Tony Parsons's most-circulated book and the cleanest single statement of the radical-non-dual position — that there is no individual, no journey, no practice, no awakening for anyone, because the very subject all of those would belong to is itself the illusion. The book is unusual in its complete refusal of method, gradualism or accommodation.
Inside the contemporary non-dual scene Parsons occupies a deliberately incompatible position with the more conventional teachings of Tolle, Mooji and Spira — his message is that those teachings, however effective, presuppose the very seeker their methods claim to serve. The 'no-method' camp (Parsons, Jim Newman, Richard Sylvester, Nathan Gill) traces lineage to him as much as to anyone.
First lines
There is only Source appearing.
Reception
Inside the contemporary non-dual scene Parsons occupies a deliberately incompatible position with the more conventional teachings of Tolle, Mooji and Spira — his message is that those teachings, however effective, presuppose the very seeker their methods claim to serve. The 'no-method' camp (Parsons, Jim Newman, Richard Sylvester, Nathan Gill) traces lineage to him as much as to anyone. Critics inside traditional Advaita argue the position is incoherent (the teacher who speaks must presuppose a listener); Parsons's reply is that the apparent incoherence is the point. Modest commercial reach, disproportionate intra-scene influence.
Frequently asked
What is As It Is about?
It presents the radical non-dual position: there is no individual, no journey, no path, and no awakening for anyone, because the subject all of those would belong to is itself the illusion.

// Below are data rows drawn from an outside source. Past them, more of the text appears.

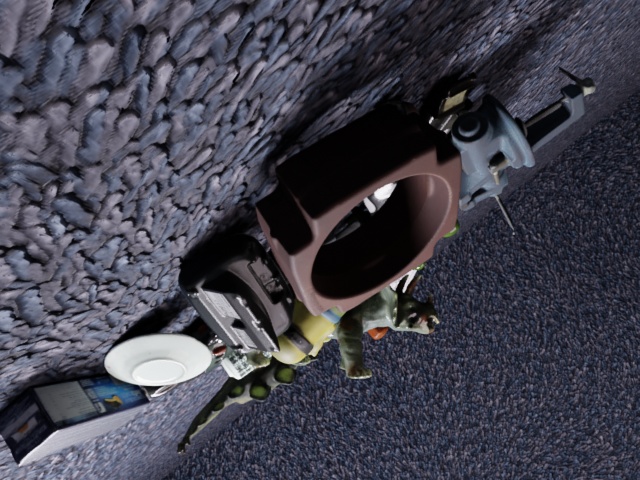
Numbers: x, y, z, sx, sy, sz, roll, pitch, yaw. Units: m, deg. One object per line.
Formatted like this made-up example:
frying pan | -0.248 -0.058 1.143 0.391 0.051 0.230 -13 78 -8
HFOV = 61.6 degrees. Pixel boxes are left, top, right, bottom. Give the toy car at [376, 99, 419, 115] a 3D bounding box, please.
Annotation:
toy car | 0.035 -0.080 0.620 0.202 0.053 0.089 -41 170 4

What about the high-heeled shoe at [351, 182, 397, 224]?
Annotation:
high-heeled shoe | 0.127 -0.043 0.739 0.086 0.145 0.249 -56 -172 -28

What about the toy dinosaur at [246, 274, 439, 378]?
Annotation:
toy dinosaur | -0.009 0.124 0.908 0.405 0.192 0.131 3 171 16

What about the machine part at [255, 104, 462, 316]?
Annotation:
machine part | 0.044 -0.026 0.566 0.201 0.087 0.201 -31 149 -9

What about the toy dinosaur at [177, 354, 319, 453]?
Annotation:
toy dinosaur | -0.128 0.277 1.136 0.471 0.105 0.198 -40 -174 -35

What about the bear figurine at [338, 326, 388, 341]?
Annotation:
bear figurine | 0.103 0.165 1.181 0.120 0.132 0.196 -44 161 24

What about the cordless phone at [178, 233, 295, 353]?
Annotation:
cordless phone | -0.071 0.030 0.647 0.146 0.089 0.184 62 40 -37

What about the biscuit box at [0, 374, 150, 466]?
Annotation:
biscuit box | -0.293 0.209 0.661 0.063 0.059 0.202 -41 166 2

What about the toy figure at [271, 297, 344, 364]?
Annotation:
toy figure | -0.010 0.104 0.805 0.180 0.082 0.089 -47 154 7

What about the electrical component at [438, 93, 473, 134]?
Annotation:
electrical component | 0.190 -0.181 0.770 0.063 0.021 0.094 -30 163 -35

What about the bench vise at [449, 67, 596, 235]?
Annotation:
bench vise | 0.289 -0.143 0.786 0.241 0.129 0.223 -34 138 12

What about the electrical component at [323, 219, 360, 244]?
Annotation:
electrical component | -0.002 -0.002 0.780 0.119 0.048 0.074 -39 168 -5

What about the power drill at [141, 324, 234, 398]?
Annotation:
power drill | -0.143 0.130 0.767 0.232 0.086 0.207 -32 161 -36

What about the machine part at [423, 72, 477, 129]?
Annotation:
machine part | 0.150 -0.157 0.710 0.084 0.039 0.138 -40 168 -37

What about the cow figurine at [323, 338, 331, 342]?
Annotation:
cow figurine | -0.013 0.163 1.074 0.167 0.068 0.098 -4 -179 -15

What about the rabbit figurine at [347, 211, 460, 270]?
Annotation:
rabbit figurine | 0.134 -0.030 0.898 0.170 0.159 0.121 -28 -179 19

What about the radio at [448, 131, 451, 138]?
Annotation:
radio | 0.244 -0.128 0.989 0.131 0.073 0.229 -32 166 -32
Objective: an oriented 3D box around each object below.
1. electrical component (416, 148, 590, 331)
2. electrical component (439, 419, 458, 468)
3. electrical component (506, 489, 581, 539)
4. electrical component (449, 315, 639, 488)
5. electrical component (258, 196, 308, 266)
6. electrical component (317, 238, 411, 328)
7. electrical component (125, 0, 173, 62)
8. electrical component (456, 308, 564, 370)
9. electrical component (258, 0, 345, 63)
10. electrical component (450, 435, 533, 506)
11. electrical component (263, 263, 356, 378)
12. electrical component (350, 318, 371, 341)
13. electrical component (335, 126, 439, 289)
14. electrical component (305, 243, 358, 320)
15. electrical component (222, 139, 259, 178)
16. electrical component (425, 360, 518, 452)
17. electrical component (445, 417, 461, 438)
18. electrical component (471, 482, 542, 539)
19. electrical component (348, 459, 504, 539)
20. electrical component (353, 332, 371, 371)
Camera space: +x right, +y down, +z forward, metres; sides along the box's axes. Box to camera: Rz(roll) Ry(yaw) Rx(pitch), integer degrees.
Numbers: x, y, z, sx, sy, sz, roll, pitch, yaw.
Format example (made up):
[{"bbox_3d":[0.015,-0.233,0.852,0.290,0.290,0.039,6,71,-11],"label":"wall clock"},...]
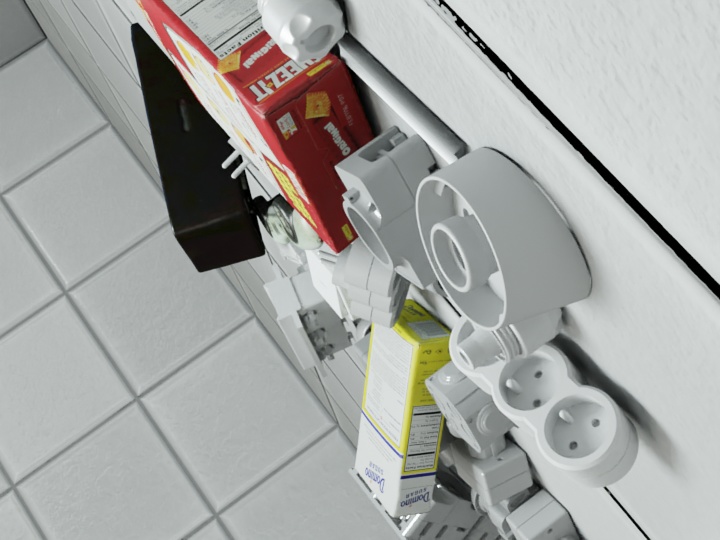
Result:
[{"bbox_3d":[0.076,-0.017,0.583,0.099,0.064,0.099,55,160,32],"label":"electrical component"},{"bbox_3d":[0.087,0.166,1.059,0.079,0.077,0.043,51,170,-1],"label":"electrical component"},{"bbox_3d":[0.186,0.261,0.998,0.076,0.047,0.083,43,165,52],"label":"electrical component"},{"bbox_3d":[0.120,0.082,0.678,0.138,0.052,0.074,46,-177,40],"label":"electrical component"},{"bbox_3d":[-0.060,-0.049,1.073,0.061,0.061,0.096,57,170,-13],"label":"electrical component"},{"bbox_3d":[0.000,0.000,0.885,0.074,0.052,0.138,19,163,9],"label":"electrical component"},{"bbox_3d":[-0.169,-0.244,0.936,0.108,0.056,0.108,49,169,30],"label":"electrical component"},{"bbox_3d":[0.087,0.035,0.641,0.043,0.062,0.043,53,170,13],"label":"electrical component"},{"bbox_3d":[-0.041,-0.158,0.646,0.062,0.043,0.043,52,170,23],"label":"electrical component"},{"bbox_3d":[0.118,0.165,1.000,0.066,0.047,0.076,37,147,61],"label":"electrical component"},{"bbox_3d":[-0.049,0.049,1.113,0.121,0.063,0.078,70,176,-59],"label":"electrical component"},{"bbox_3d":[0.013,0.052,1.122,0.066,0.048,0.055,62,176,-37],"label":"electrical component"},{"bbox_3d":[0.027,-0.038,0.696,0.089,0.056,0.050,59,170,-25],"label":"electrical component"},{"bbox_3d":[-0.014,-0.006,0.997,0.061,0.061,0.096,48,169,32],"label":"electrical component"},{"bbox_3d":[-0.087,-0.112,0.925,0.077,0.079,0.044,45,-178,43],"label":"electrical component"},{"bbox_3d":[0.095,0.105,0.880,0.080,0.051,0.080,52,170,13],"label":"electrical component"},{"bbox_3d":[0.092,0.116,0.967,0.062,0.048,0.048,60,177,45],"label":"electrical component"},{"bbox_3d":[0.145,0.225,1.044,0.057,0.058,0.078,39,162,49],"label":"electrical component"},{"bbox_3d":[0.092,0.236,1.132,0.186,0.060,0.105,23,-163,-46],"label":"electrical component"},{"bbox_3d":[0.043,0.099,1.087,0.061,0.062,0.096,43,166,49],"label":"electrical component"}]
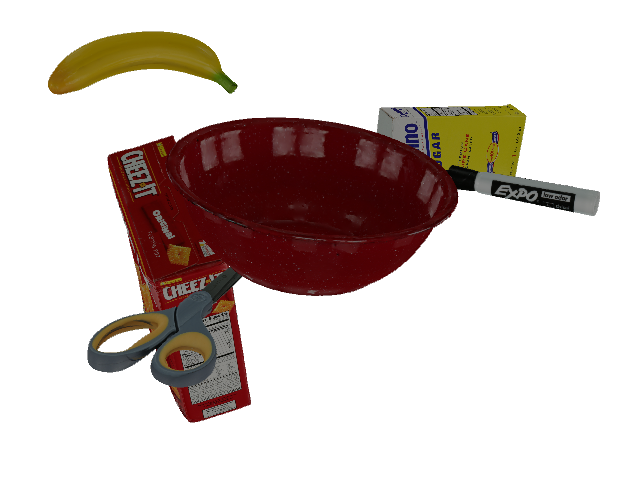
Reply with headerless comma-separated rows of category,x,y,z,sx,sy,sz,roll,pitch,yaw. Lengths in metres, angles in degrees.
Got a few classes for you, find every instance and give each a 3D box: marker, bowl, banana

Parsons refuses method, gradualism, and accommodation entirely.
Who is Tony Parsons?
Tony Parsons is a British non-duality teacher born in London in 1933. Since 1996 he has met publicly with students, presenting what he calls the Open Secret — that liberation is not a state to be attained but the ever-present nature of what already is.
How does Parsons differ from other non-duality teachers like Tolle or Spira?
Unlike Tolle, Mooji, or Spira — whose teachings presuppose a seeker capable of practice — Parsons asserts that the very concept of a seeker, a practice, or a path is itself the illusion. There is nothing to do and no one to do it. Critics call the position incoherent; Parsons holds that the apparent incoherence is the point.